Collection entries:
□ □ □ □ □ □ □

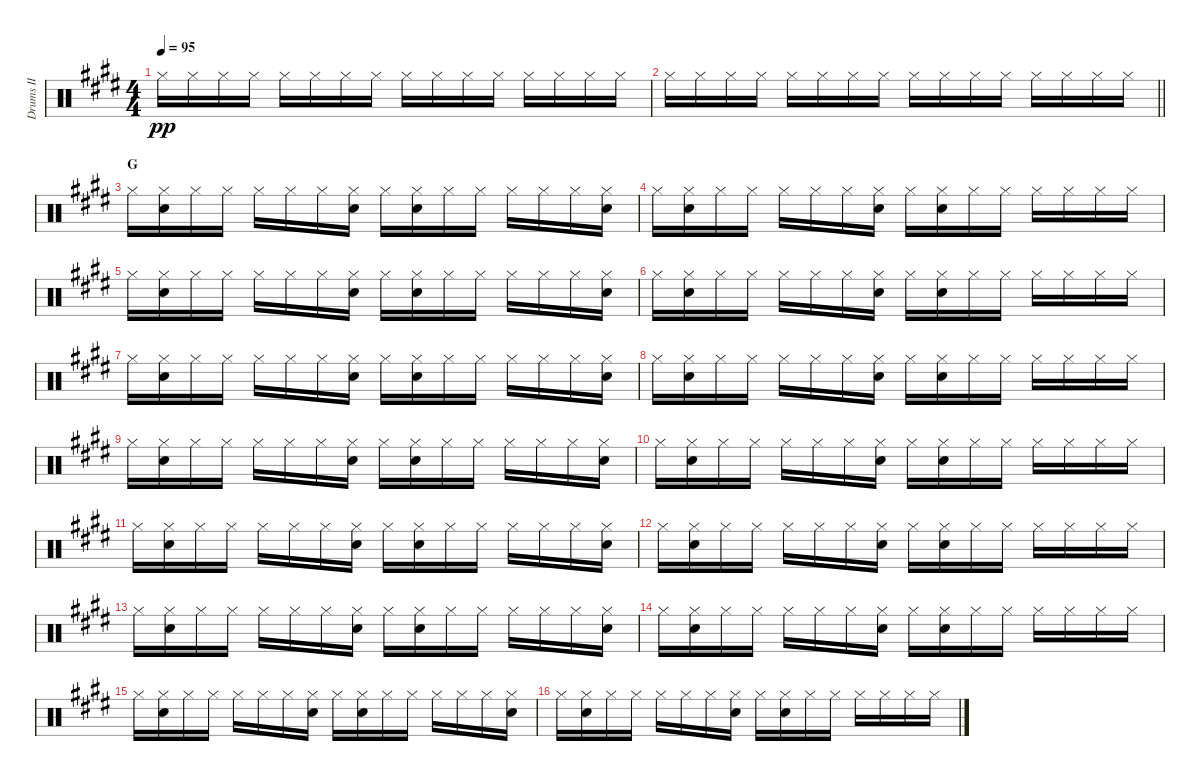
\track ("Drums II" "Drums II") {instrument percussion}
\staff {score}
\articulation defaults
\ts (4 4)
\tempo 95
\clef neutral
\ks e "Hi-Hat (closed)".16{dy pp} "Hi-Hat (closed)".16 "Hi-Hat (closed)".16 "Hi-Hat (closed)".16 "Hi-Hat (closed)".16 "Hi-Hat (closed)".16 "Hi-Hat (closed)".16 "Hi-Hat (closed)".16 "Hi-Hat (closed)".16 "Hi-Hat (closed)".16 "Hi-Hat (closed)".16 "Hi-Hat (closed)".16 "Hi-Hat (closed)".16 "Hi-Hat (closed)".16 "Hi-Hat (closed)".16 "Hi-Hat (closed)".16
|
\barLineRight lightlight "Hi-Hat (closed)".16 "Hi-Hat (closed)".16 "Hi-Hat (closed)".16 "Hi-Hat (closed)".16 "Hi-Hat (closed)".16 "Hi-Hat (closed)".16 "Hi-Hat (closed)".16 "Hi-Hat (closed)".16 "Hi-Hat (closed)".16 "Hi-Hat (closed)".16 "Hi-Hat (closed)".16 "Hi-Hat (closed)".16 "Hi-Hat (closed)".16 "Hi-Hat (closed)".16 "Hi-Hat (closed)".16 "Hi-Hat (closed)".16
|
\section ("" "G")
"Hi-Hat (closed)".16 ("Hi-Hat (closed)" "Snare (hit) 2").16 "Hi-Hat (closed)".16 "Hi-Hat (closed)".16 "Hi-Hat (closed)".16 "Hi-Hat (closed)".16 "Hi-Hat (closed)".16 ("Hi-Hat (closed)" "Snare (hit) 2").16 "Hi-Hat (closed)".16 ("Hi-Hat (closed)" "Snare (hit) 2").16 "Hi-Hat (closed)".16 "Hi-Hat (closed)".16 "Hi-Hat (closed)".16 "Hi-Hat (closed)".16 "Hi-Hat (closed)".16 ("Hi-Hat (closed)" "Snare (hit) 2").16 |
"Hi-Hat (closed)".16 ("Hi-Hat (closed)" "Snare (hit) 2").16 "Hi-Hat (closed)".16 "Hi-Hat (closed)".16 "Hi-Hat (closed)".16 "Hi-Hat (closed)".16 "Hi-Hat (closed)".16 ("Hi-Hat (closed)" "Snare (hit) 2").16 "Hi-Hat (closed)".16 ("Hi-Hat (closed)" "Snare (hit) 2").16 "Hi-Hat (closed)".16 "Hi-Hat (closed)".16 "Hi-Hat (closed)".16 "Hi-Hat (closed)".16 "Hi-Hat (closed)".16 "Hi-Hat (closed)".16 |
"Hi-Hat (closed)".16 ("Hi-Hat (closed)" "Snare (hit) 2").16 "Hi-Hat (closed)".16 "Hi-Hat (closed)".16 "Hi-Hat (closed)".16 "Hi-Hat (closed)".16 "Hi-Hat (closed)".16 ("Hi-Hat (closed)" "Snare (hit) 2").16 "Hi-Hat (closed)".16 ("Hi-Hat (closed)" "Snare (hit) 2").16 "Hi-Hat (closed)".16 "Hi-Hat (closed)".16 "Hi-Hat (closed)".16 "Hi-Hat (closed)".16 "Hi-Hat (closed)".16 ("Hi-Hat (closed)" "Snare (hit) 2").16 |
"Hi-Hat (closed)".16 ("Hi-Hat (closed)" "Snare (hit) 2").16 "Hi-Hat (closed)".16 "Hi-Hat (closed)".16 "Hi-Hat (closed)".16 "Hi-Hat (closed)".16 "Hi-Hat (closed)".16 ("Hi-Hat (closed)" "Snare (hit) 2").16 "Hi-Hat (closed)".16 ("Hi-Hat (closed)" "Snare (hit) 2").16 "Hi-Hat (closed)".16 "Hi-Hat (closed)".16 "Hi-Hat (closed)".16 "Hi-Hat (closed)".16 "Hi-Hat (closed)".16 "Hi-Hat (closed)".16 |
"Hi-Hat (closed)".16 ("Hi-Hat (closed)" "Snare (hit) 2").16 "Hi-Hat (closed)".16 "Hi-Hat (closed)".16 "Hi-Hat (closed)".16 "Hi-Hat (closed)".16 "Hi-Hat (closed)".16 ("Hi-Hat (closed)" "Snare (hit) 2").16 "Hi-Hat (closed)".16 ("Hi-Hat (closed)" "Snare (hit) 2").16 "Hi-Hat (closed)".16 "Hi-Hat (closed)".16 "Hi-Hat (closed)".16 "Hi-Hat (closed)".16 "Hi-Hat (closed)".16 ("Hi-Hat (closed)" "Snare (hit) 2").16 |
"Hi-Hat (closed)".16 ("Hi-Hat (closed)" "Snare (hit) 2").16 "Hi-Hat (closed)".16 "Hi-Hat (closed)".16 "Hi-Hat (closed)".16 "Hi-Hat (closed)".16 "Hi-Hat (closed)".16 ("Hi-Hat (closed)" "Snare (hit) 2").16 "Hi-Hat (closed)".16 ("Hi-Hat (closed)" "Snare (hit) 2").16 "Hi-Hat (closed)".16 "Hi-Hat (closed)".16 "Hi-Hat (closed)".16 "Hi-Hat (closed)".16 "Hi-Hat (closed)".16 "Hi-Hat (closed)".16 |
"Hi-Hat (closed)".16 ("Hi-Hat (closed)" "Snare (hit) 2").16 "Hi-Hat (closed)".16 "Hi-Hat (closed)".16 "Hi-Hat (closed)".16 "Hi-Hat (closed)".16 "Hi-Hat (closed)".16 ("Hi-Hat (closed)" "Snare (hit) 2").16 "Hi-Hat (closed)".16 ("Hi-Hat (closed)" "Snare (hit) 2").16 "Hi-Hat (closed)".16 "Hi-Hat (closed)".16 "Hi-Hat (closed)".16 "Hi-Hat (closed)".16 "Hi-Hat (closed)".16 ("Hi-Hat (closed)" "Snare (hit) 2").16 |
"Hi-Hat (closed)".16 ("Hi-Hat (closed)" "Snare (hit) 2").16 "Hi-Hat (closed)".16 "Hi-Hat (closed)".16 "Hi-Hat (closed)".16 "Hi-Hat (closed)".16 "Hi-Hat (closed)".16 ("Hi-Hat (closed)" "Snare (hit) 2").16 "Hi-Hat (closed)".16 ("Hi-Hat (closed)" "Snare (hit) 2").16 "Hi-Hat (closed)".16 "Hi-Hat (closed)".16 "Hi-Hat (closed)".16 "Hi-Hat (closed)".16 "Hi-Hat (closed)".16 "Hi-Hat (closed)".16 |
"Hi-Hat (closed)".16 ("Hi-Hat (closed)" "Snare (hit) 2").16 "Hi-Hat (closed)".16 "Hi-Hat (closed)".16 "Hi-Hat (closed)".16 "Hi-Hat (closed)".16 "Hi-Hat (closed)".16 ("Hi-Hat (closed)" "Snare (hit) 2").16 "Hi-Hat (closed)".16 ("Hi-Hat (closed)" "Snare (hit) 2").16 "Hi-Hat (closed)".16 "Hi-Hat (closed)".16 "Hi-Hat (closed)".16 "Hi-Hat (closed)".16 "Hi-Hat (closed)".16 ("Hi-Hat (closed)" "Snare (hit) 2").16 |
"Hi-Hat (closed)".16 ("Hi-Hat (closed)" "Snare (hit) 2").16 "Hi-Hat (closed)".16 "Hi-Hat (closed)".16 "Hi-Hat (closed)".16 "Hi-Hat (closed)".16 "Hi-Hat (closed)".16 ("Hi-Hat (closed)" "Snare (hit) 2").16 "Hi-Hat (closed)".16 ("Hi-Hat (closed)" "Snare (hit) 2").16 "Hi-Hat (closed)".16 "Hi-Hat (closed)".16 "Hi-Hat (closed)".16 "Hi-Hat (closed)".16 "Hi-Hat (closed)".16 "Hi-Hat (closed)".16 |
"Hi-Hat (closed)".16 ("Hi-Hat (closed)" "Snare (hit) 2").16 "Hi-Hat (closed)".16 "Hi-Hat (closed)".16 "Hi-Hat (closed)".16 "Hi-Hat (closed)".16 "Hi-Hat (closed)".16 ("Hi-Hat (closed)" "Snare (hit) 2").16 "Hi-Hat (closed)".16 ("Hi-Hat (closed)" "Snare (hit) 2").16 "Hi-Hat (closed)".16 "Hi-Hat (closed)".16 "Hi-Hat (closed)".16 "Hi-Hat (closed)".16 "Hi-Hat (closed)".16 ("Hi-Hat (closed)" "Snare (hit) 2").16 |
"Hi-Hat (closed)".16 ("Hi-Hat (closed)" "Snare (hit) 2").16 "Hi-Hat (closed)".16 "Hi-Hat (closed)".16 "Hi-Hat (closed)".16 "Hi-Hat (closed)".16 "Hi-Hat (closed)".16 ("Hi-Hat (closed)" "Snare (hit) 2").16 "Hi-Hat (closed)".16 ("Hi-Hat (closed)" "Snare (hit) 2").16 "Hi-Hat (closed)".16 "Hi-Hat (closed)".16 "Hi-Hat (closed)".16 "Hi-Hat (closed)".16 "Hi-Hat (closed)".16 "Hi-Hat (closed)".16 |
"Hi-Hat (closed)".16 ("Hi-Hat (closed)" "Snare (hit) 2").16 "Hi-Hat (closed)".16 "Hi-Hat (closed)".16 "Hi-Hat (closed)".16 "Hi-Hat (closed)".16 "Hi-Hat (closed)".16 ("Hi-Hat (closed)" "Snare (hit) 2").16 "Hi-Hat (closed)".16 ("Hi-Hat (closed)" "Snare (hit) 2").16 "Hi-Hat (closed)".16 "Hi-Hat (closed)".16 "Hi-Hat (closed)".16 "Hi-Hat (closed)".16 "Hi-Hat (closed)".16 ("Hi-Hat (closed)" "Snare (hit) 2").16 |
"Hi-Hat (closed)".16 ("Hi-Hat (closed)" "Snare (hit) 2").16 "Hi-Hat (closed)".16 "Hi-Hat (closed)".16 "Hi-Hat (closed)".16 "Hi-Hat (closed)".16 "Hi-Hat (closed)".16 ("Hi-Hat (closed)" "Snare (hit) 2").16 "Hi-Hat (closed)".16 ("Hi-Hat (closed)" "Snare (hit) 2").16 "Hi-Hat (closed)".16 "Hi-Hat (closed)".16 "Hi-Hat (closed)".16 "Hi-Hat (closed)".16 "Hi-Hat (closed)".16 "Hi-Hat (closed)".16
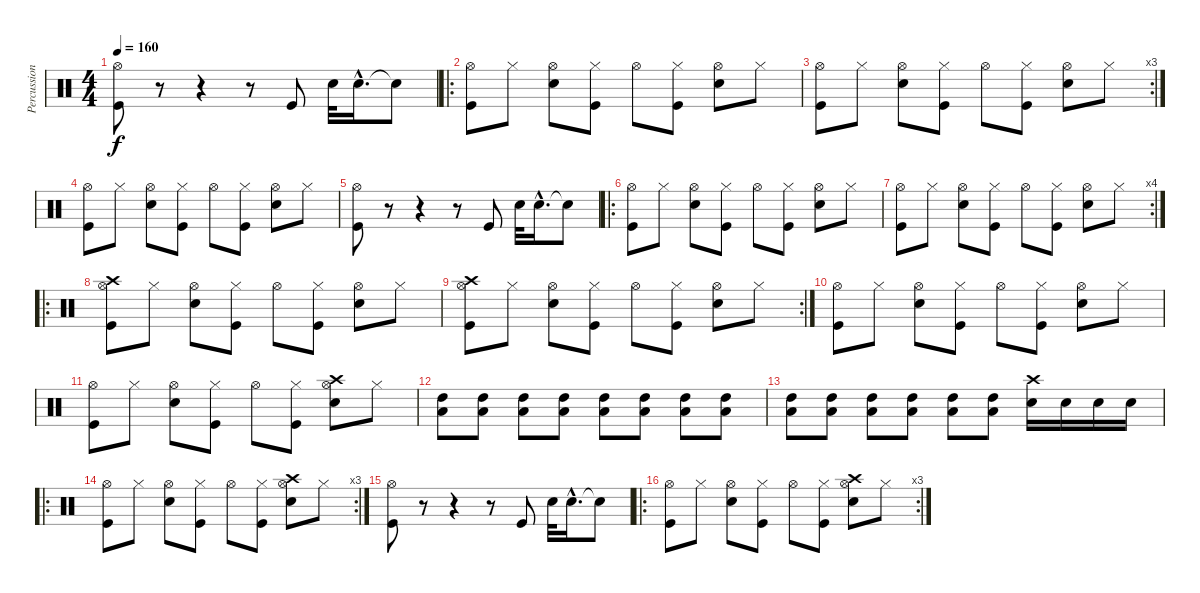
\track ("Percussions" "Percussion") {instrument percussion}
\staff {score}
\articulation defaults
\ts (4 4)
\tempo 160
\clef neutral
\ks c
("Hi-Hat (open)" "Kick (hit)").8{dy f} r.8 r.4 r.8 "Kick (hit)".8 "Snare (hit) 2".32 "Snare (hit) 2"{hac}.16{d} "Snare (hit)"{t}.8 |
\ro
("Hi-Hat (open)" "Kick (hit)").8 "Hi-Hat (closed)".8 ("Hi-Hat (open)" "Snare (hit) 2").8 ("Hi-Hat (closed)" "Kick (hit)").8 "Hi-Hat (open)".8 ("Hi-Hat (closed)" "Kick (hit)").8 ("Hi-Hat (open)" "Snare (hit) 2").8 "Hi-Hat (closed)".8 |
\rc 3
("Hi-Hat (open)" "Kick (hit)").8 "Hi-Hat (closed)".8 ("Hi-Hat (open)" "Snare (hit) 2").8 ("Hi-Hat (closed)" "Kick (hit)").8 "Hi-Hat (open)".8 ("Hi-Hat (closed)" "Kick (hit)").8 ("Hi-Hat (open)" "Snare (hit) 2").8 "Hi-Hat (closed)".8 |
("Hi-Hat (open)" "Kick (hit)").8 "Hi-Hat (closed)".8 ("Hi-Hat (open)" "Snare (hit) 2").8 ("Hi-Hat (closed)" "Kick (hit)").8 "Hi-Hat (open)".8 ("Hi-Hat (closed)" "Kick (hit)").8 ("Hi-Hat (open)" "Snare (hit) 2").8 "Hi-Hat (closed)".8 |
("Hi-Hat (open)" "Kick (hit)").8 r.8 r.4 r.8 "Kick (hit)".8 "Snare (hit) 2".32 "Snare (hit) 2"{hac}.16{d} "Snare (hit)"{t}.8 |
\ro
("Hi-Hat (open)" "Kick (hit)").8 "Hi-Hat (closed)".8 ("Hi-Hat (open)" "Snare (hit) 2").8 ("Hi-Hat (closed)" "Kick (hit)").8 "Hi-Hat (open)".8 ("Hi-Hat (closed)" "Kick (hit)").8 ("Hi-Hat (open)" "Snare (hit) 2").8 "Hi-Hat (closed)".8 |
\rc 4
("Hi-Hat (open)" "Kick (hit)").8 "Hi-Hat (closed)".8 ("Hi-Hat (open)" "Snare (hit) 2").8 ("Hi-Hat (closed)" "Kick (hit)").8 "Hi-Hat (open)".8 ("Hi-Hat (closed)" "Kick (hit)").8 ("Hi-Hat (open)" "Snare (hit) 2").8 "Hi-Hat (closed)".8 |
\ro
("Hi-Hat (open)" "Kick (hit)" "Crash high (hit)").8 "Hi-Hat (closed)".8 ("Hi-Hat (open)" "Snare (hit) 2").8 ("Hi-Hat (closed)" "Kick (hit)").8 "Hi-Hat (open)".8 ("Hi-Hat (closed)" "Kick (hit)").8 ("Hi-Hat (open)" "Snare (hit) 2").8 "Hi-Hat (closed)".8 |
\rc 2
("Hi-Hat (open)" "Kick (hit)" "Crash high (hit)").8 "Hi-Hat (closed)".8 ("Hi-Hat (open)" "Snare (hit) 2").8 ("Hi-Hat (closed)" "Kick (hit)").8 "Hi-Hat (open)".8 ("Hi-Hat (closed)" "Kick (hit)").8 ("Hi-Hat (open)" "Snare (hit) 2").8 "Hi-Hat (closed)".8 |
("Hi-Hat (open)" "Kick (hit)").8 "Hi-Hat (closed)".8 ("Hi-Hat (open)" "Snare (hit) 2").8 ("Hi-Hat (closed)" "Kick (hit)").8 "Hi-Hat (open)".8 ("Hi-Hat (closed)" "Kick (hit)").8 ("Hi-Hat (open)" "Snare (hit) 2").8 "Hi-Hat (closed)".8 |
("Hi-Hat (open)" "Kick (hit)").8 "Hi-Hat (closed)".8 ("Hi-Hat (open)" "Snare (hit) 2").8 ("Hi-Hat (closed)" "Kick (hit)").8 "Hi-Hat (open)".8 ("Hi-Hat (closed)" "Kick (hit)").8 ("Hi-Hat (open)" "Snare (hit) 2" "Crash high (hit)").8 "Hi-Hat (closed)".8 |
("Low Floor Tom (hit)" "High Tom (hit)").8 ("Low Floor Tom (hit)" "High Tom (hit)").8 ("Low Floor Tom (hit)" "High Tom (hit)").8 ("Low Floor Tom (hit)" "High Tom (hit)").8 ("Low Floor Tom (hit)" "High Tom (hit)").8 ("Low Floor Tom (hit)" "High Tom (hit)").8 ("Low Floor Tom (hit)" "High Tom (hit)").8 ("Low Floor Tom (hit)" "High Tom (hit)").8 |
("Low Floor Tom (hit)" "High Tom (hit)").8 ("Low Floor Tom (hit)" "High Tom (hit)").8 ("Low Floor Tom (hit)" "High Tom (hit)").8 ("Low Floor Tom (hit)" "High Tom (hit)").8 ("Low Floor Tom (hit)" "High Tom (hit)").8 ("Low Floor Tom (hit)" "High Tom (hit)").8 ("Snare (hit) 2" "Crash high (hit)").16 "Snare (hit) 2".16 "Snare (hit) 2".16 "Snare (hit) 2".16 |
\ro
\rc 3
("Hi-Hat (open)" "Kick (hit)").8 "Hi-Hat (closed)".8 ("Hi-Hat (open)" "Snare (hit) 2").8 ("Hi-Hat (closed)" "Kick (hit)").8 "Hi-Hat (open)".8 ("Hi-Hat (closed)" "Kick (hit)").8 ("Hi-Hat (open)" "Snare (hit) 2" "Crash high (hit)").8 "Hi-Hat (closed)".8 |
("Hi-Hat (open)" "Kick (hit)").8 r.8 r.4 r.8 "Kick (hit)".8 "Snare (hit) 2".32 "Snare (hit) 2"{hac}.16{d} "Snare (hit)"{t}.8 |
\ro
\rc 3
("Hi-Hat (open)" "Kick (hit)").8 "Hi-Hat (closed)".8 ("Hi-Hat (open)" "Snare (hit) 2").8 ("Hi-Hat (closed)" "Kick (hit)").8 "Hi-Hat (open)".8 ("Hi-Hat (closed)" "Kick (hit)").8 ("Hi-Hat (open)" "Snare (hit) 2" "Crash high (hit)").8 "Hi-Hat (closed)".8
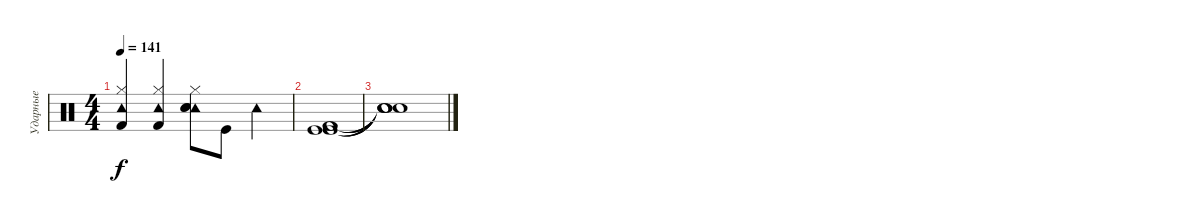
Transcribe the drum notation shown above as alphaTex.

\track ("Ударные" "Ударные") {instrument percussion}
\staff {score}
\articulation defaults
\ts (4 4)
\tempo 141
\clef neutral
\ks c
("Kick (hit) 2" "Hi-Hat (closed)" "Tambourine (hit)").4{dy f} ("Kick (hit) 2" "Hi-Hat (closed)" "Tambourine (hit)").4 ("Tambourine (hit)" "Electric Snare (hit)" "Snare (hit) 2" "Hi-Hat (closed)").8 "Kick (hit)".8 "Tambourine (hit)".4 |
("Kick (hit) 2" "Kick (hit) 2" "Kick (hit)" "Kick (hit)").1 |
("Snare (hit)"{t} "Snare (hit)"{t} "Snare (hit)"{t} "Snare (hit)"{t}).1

□ □ □ □ □ □ □

▶ [Required work]: Write down how many lines of the data above contain the string "instrument", and include nothing besides that number.

▶ [Exercise result]: 3